* [TASK DIRECTIONS]: With the pictures left out, print exactly the lines below that run from the one containing "Continue with the mushroom" through the one containing "Camera frame: x".

* [RECORDS SHOWN]:
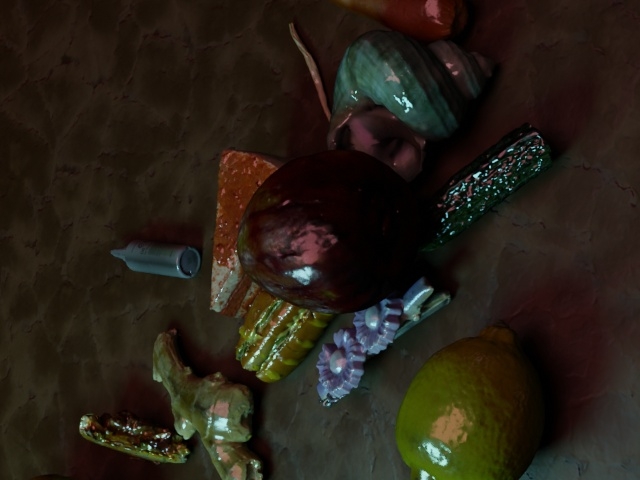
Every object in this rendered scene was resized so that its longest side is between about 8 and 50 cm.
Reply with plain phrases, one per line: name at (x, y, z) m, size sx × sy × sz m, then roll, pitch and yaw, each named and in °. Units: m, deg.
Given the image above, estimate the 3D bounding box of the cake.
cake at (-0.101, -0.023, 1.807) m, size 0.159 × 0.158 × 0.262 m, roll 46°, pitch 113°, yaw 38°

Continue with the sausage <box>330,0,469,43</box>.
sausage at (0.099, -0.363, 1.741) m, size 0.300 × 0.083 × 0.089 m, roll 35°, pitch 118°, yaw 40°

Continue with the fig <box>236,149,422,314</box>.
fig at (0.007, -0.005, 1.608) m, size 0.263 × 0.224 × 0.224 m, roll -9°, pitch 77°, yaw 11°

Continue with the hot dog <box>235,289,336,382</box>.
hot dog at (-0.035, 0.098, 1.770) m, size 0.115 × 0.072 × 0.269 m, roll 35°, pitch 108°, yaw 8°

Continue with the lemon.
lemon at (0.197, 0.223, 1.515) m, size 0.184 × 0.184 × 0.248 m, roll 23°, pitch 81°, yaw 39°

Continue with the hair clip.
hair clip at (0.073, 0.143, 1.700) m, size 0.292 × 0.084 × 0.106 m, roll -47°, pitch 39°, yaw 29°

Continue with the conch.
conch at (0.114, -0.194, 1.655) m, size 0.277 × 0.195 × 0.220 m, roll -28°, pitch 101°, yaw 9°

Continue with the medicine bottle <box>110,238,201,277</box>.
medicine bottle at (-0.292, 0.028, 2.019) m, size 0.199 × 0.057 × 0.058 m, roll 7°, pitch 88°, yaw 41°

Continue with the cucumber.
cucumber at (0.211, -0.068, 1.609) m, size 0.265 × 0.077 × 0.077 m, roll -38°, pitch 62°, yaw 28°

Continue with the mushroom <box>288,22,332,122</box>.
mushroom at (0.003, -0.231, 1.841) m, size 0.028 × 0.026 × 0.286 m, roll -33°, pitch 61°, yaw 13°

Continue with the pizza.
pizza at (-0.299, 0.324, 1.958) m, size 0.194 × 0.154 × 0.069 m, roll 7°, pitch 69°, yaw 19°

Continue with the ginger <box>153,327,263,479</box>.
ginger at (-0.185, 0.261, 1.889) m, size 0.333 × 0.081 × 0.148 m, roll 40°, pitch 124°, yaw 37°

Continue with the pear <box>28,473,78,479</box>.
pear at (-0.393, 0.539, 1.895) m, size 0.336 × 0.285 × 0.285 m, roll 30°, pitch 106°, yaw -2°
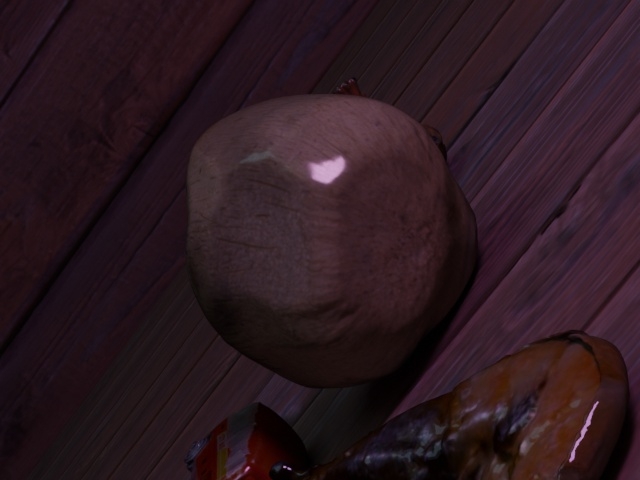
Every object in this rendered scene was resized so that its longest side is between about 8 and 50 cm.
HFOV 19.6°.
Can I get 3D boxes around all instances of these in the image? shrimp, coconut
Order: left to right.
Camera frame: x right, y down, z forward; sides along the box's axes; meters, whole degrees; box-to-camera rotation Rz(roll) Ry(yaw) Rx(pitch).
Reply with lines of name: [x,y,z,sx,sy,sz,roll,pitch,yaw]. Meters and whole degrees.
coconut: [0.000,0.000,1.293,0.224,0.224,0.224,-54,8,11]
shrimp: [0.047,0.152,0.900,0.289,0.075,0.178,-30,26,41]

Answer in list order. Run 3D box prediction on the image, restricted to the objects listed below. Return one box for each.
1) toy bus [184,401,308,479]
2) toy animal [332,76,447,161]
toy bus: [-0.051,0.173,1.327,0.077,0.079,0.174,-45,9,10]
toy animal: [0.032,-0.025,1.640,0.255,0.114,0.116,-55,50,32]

* [TASK RESPONSE]:
Continue with the mushroom <box>288,22,332,122</box>.
mushroom at (0.003, -0.231, 1.841) m, size 0.028 × 0.026 × 0.286 m, roll -33°, pitch 61°, yaw 13°

Continue with the pizza.
pizza at (-0.299, 0.324, 1.958) m, size 0.194 × 0.154 × 0.069 m, roll 7°, pitch 69°, yaw 19°

Continue with the ginger <box>153,327,263,479</box>.
ginger at (-0.185, 0.261, 1.889) m, size 0.333 × 0.081 × 0.148 m, roll 40°, pitch 124°, yaw 37°

Continue with the pear <box>28,473,78,479</box>.
pear at (-0.393, 0.539, 1.895) m, size 0.336 × 0.285 × 0.285 m, roll 30°, pitch 106°, yaw -2°
Every object in this rendered scene was resized so that its longest side is between about 8 and 50 cm.
HFOV 19.6°.
Can I get 3D boxes around all instances of these in the image? shrimp, coconut
Order: left to right.
Camera frame: x right, y down, z forward; sides along the box's axes; meters, whole degrees; box-to-camera rotation Rz(roll) Ry(yaw) Rx(pitch).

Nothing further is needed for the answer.